Access to the Prometheus APIs is controlled by Keycloak. See Accessing operator APIs using Keycloak for more information.

Output formatting

If you are using Postman to make these requests, it automatically pretty-prints the JSON output.

If you are using curl, you can pipe its output to the jq JSON formatting tool to make the output more readable.

For example:

BASH

curl -s --location -g --request GET 'https://operator.<environment_name>.<dns_domain>/prometheus-ext-server/api/v1/query?query=probe_success' \
--header 'Content-Type: application/x-www-form-urlencoded' \
--header 'Authorization: bearer <keycloak_token>| jq

All Prometheus responses are return in JSON format in a result object that contains the metric and value.

A metric's value is returned in an array of two values: [Unix epoch timestamp, "value"].

Examples

Note:

Many of the following examples use filters. They only use a few of the many fields that can be filtered on. You can filter on whichever fields you want to get the output that you require.

APIs health monitoring (based on probe metrics)

Get list of all APIs health being monitored

Request

To query Prometheus to list all the APIs whose health is being monitored using probing:

CODE

https://operator.<environment_name>.<dns_domain>/prometheus-ext-server/api/v1/label/api/values

Headers

Authorization – Bearer <keycloak_token>
Content-Type – application/x-www-form-urlencoded

Response

See the Prometheus docs for the status codes that it returns.

Example

JSON

{
    "status": "success",
    "data": [
        "AGS API",
        "Account and Device Manager API",
        "CDVR API",
        "CIM API",
        "CRM-GATEWAY API",
        "Cast, Crew, and Persona Service API",
        "Content Discovery Gateway API",
        "Content Workflow Manager API",
        "Content and Product Manager API",
        "External Endpoint APIs",
        "IAM-api",
        "IAS API",
        "ION External Endpoint website",
        "Keycloak API",
        "Metadata API",
        "Ncanto API probe Endpoint APIs",
        "Opconsole API",
        "Prometheus Federated API",
        "Rights Management API",
        "User Activity Vault API"
    ]
}

Get the list of probe health checks' status for a given API

Request

To query Prometheus to get the latest result of probe requests for a given API (e.g., “IAS API”), send a GET request to:

CODE

https://operator.<environment_name>.<dns_domain>/prometheus-ext-server/api/v1/query?query=min by (api)(probe_success{api="IAS API"})

Headers

Authorization – Bearer <keycloak_token>
Content-Type – application/x-www-form-urlencoded

Response

See the Prometheus docs for the status codes that it returns.

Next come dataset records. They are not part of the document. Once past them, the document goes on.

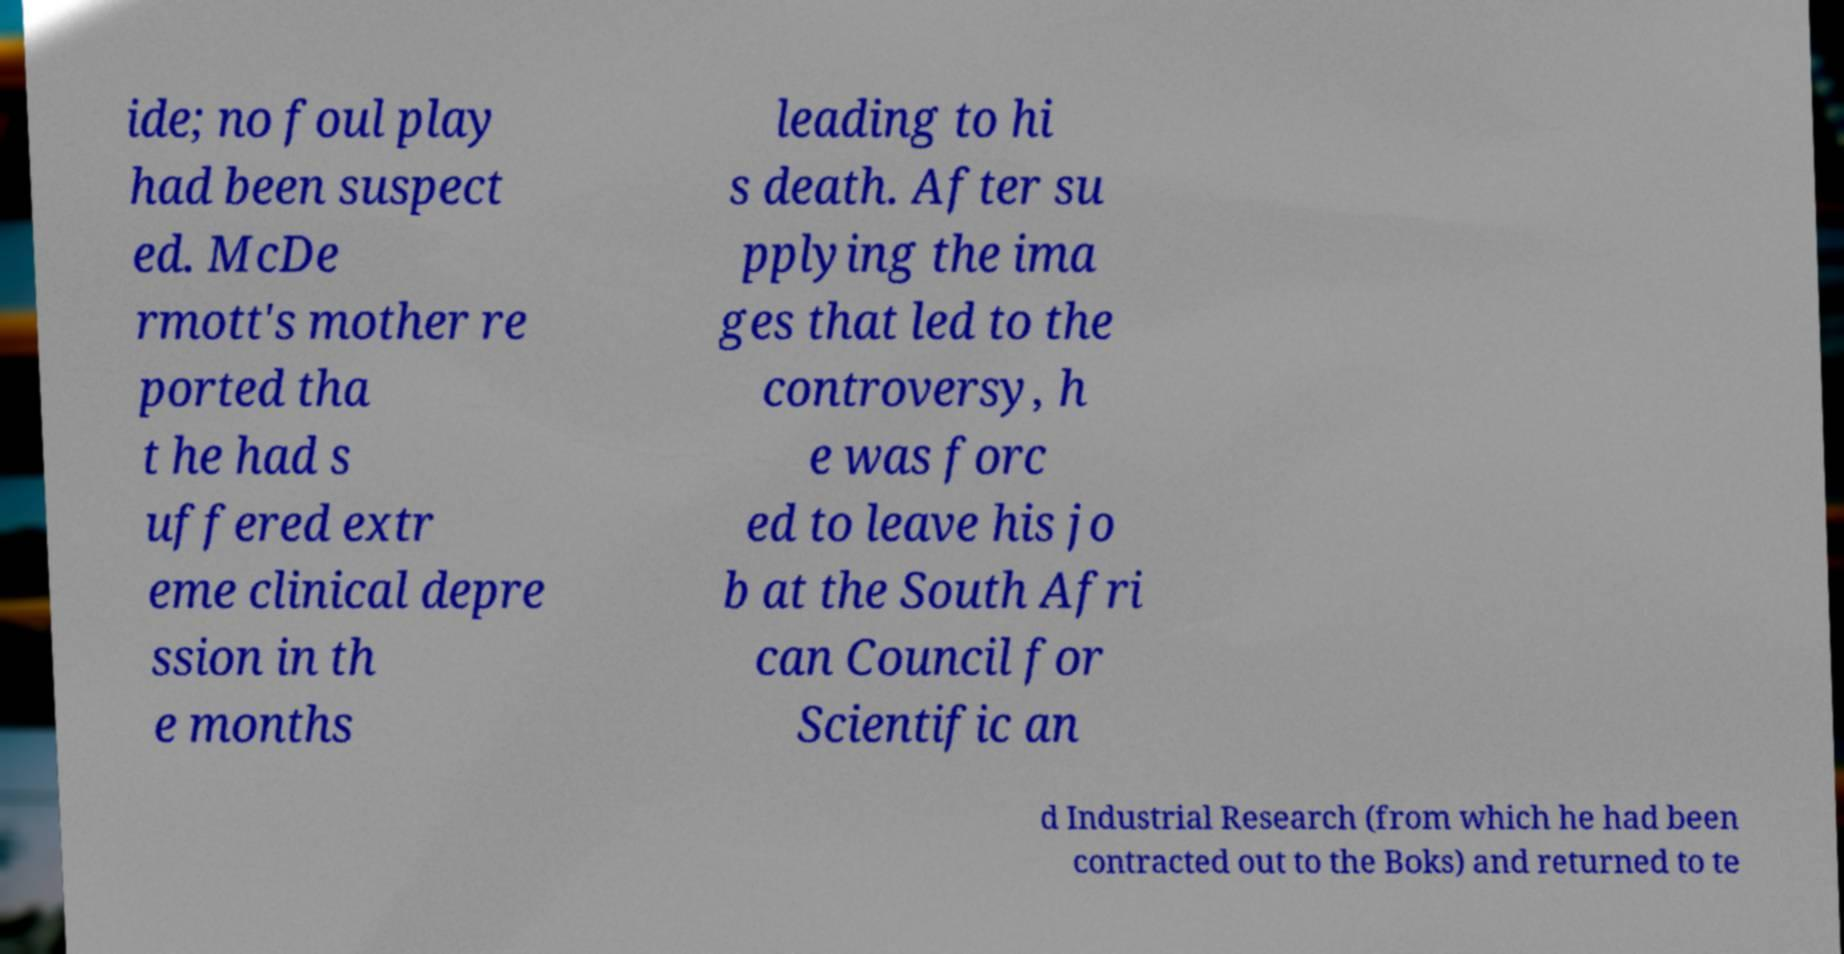There's text embedded in this image that I need extracted. Can you transcribe it verbatim? ide; no foul play had been suspect ed. McDe rmott's mother re ported tha t he had s uffered extr eme clinical depre ssion in th e months leading to hi s death. After su pplying the ima ges that led to the controversy, h e was forc ed to leave his jo b at the South Afri can Council for Scientific an d Industrial Research (from which he had been contracted out to the Boks) and returned to te 
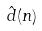Convert formula to latex. <formula><loc_0><loc_0><loc_500><loc_500>\hat { d } ( n )</formula> 
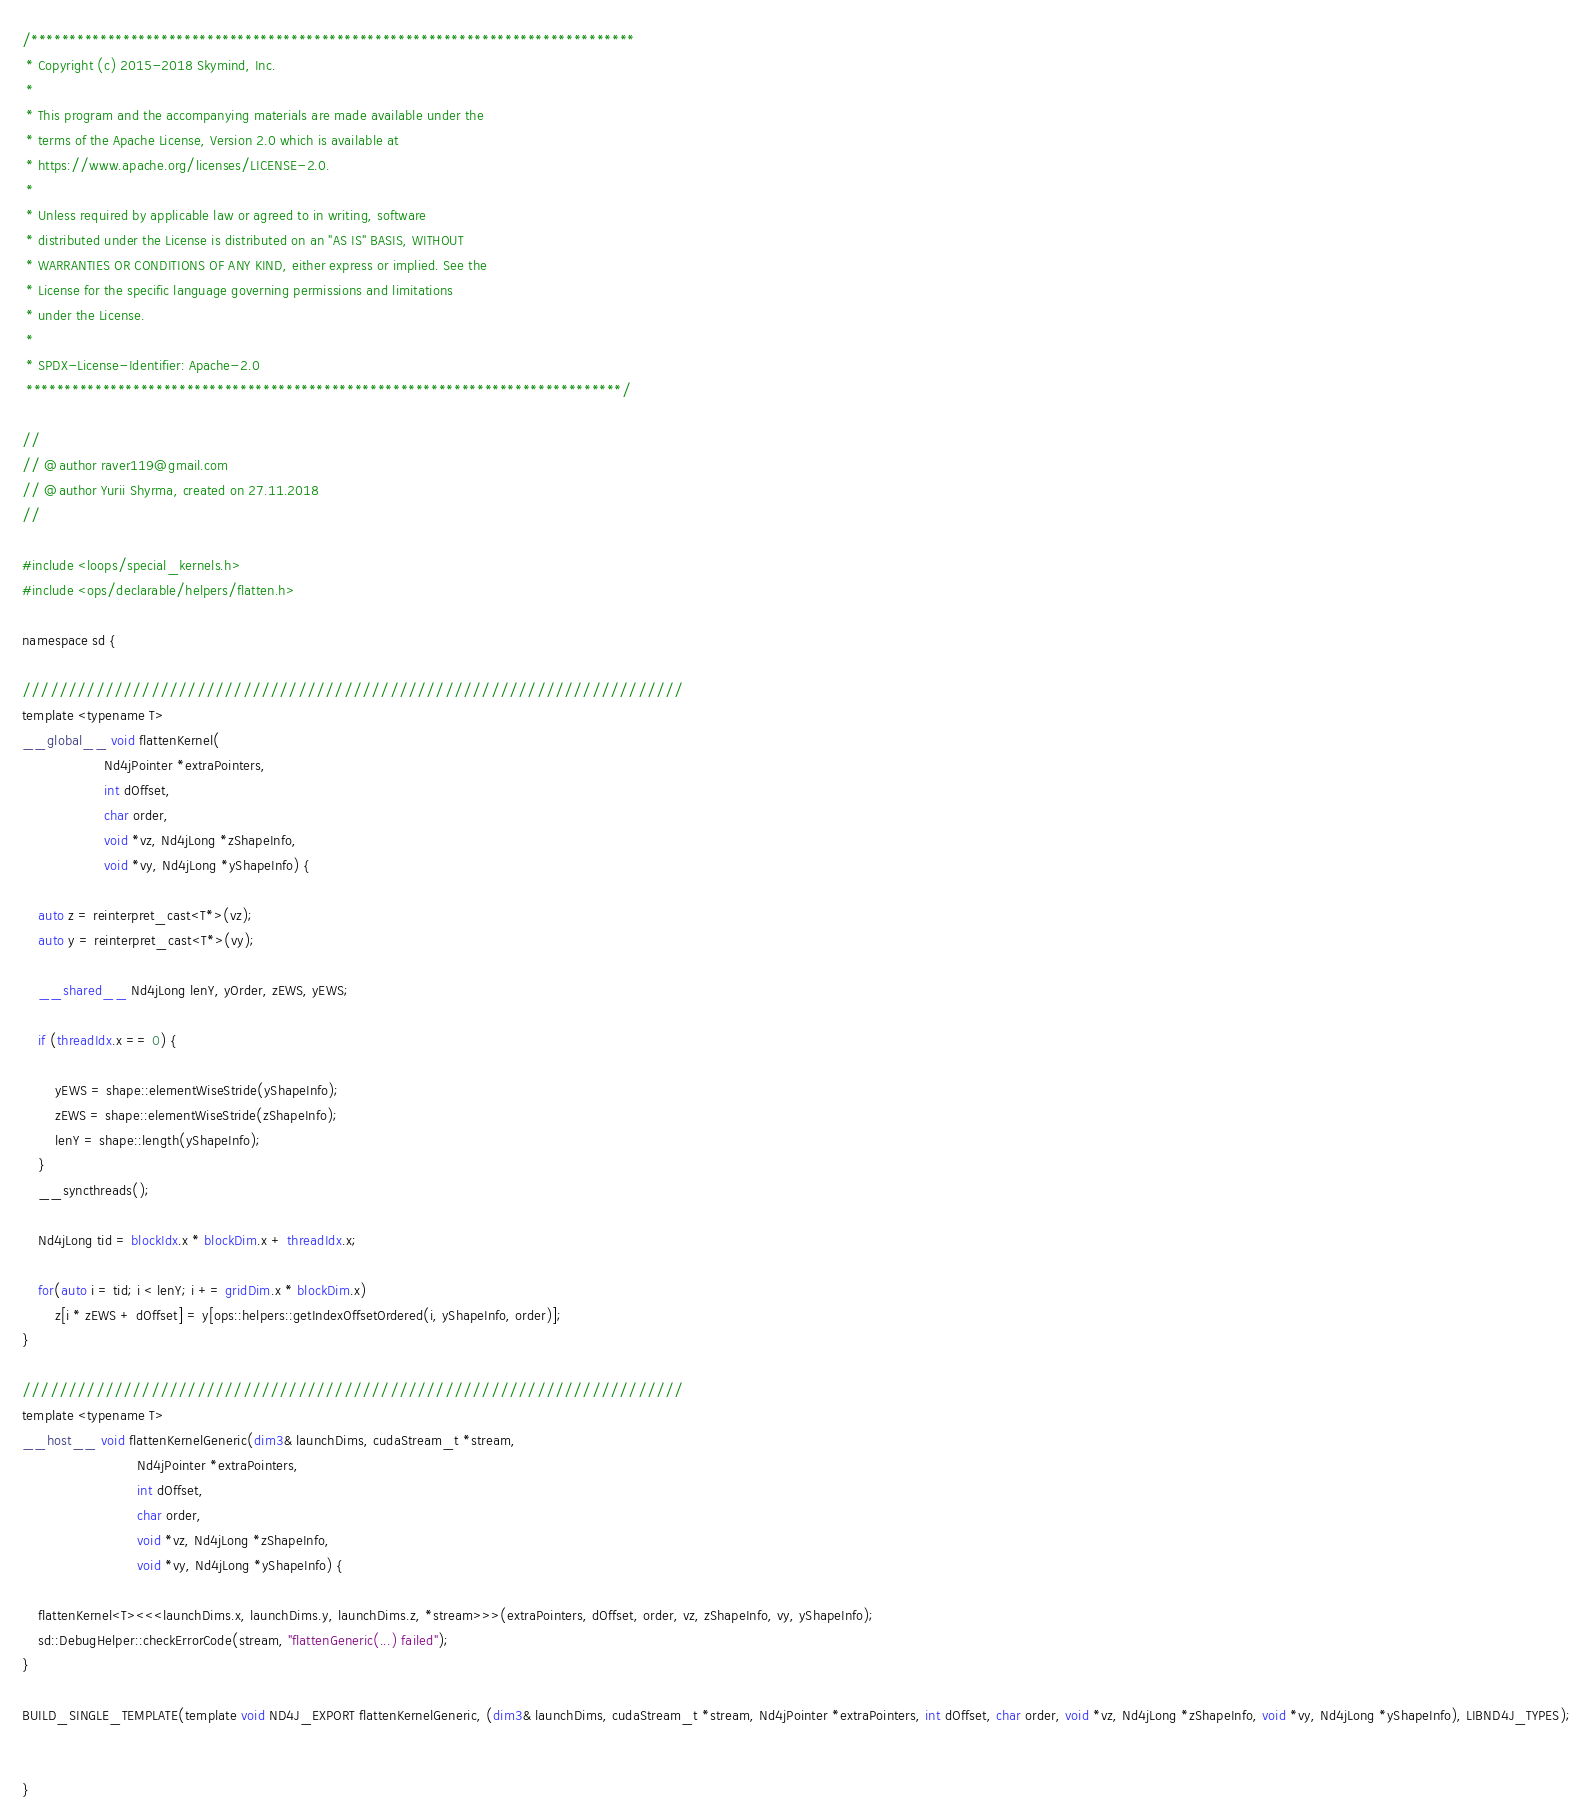Convert code to text. <code><loc_0><loc_0><loc_500><loc_500><_Cuda_>/*******************************************************************************
 * Copyright (c) 2015-2018 Skymind, Inc.
 *
 * This program and the accompanying materials are made available under the
 * terms of the Apache License, Version 2.0 which is available at
 * https://www.apache.org/licenses/LICENSE-2.0.
 *
 * Unless required by applicable law or agreed to in writing, software
 * distributed under the License is distributed on an "AS IS" BASIS, WITHOUT
 * WARRANTIES OR CONDITIONS OF ANY KIND, either express or implied. See the
 * License for the specific language governing permissions and limitations
 * under the License.
 *
 * SPDX-License-Identifier: Apache-2.0
 ******************************************************************************/

//
// @author raver119@gmail.com
// @author Yurii Shyrma, created on 27.11.2018
//

#include <loops/special_kernels.h>
#include <ops/declarable/helpers/flatten.h>

namespace sd {

////////////////////////////////////////////////////////////////////////
template <typename T>
__global__ void flattenKernel(
                    Nd4jPointer *extraPointers,
                    int dOffset,
                    char order,
                    void *vz, Nd4jLong *zShapeInfo,
                    void *vy, Nd4jLong *yShapeInfo) {

    auto z = reinterpret_cast<T*>(vz);
    auto y = reinterpret_cast<T*>(vy);

    __shared__ Nd4jLong lenY, yOrder, zEWS, yEWS;

    if (threadIdx.x == 0) {

        yEWS = shape::elementWiseStride(yShapeInfo);
        zEWS = shape::elementWiseStride(zShapeInfo);
        lenY = shape::length(yShapeInfo);
    }
    __syncthreads();

    Nd4jLong tid = blockIdx.x * blockDim.x + threadIdx.x;

    for(auto i = tid; i < lenY; i += gridDim.x * blockDim.x)
        z[i * zEWS + dOffset] = y[ops::helpers::getIndexOffsetOrdered(i, yShapeInfo, order)];
}

////////////////////////////////////////////////////////////////////////
template <typename T>
__host__ void flattenKernelGeneric(dim3& launchDims, cudaStream_t *stream,
                            Nd4jPointer *extraPointers,
                            int dOffset,
                            char order,
                            void *vz, Nd4jLong *zShapeInfo,
                            void *vy, Nd4jLong *yShapeInfo) {

    flattenKernel<T><<<launchDims.x, launchDims.y, launchDims.z, *stream>>>(extraPointers, dOffset, order, vz, zShapeInfo, vy, yShapeInfo);
    sd::DebugHelper::checkErrorCode(stream, "flattenGeneric(...) failed");
}

BUILD_SINGLE_TEMPLATE(template void ND4J_EXPORT flattenKernelGeneric, (dim3& launchDims, cudaStream_t *stream, Nd4jPointer *extraPointers, int dOffset, char order, void *vz, Nd4jLong *zShapeInfo, void *vy, Nd4jLong *yShapeInfo), LIBND4J_TYPES);


}</code> 
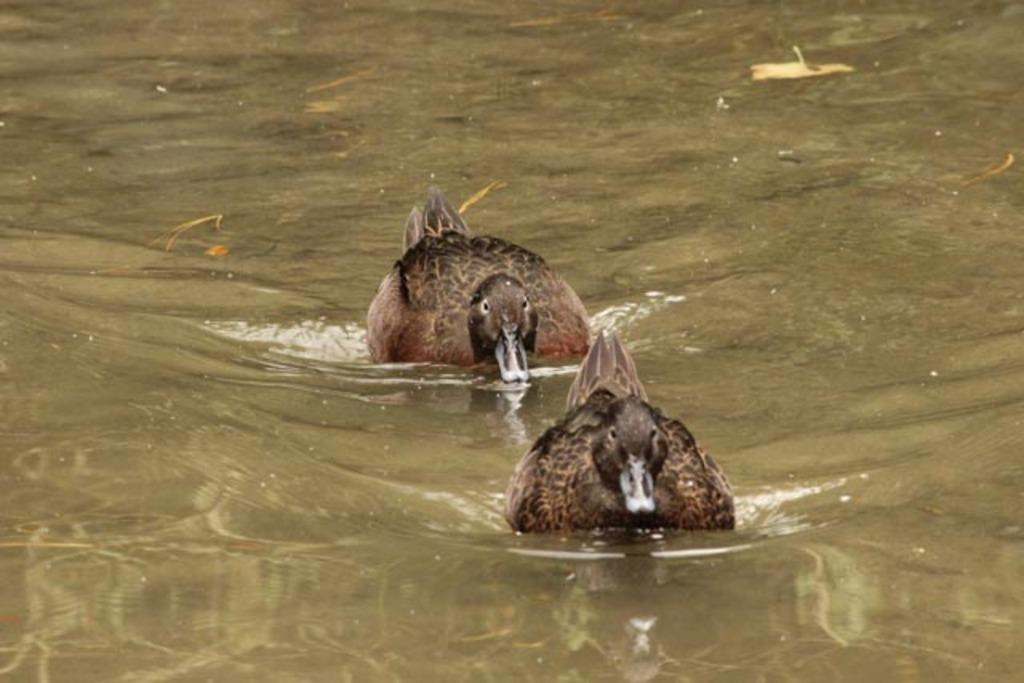What type of animals can be seen in the image? There are ducks in the image. Where are the ducks located? The ducks are on the water. What type of tank is visible in the image? There is no tank present in the image; it features ducks on the water. How can we help the ducks in the image? There is no need to help the ducks in the image, as they appear to be in their natural environment and are not in distress. 
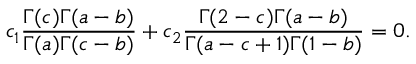<formula> <loc_0><loc_0><loc_500><loc_500>c _ { 1 } \frac { \Gamma ( c ) \Gamma ( a - b ) } { \Gamma ( a ) \Gamma ( c - b ) } + c _ { 2 } \frac { \Gamma ( 2 - c ) \Gamma ( a - b ) } { \Gamma ( a - c + 1 ) \Gamma ( 1 - b ) } = 0 .</formula> 
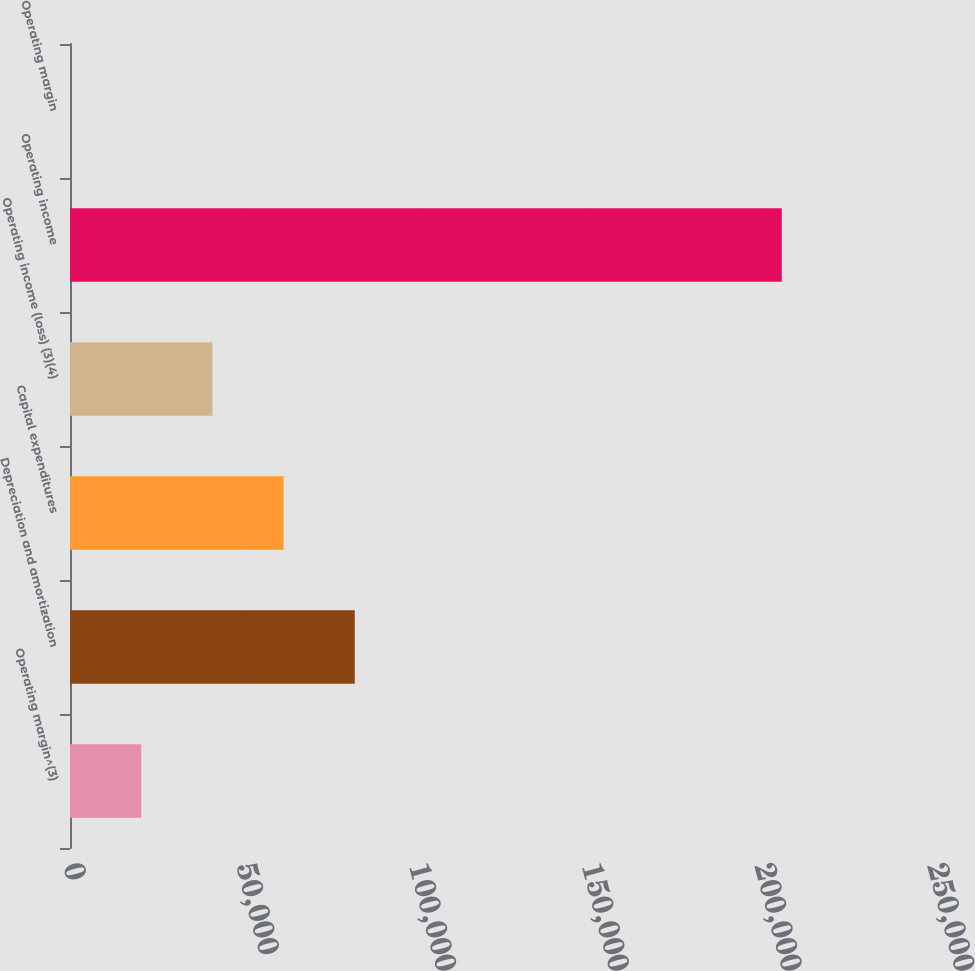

You may notice that several public or private endpoints could be probed to determine if given API is healthy or not.

Returned value is [Unix Epoch Timestamp]:

1 for success
0 for failure

Example

JSON

{
    "status": "success",
    "data": {
        "resultType": "vector",
        "result": [
            {
                "metric": {
                    "api": "IAS API"
                },
                "value": [
                    1715185977.698,
                    "1"
                ]
            }
        ]
    }
}

You can use the min function (e.g., GET https://operator.<environment_name>.<dns_domain>/prometheus-ext-server/api/v1/query?query=min(probe_success{api="IAS API"}) to return the API health status as a single value.

Get a list of all unhealthy APIs

Request

To query Prometheus for a list of all the probed APIs that are currently unhealthy, send a GET request to:

CODE

https://operator.<environment_name>.<dns_domain>/prometheus-ext-server/api/v1/query?query=min by (api)(probe_success==0)

Headers

Authorization – Bearer <keycloak_token>
Content-Type – application/x-www-form-urlencoded

Response

See the Prometheus docs for the status codes that it returns.

Example

JSON

{
    "status": "success",
    "data": {
        "resultType": "vector",
        "result": [
            {
                "metric": {
                    "api": "ION External Endpoint website"
                },
                "value": [
                    1715185011.919,
                    "0"
                ]
            }
        ]
    }
}

If you are using curl and jq, you can use the -r option to filter the output to show just the list of endpoints.

For example:

curl -s --location -g --request GET 'https://operator.<environment_name>.<dns_domain>/prometheus-ext-server/api/v1/query?query=min by (api)(probe_success==0)' \ --header 'Content-Type: application/x-www-form-urlencoded' \ --header 'Authorization: bearer <keycloak_token> | jq -r '.data.result[].metric.api'

APIs usage monitoring (based on Istio metrics)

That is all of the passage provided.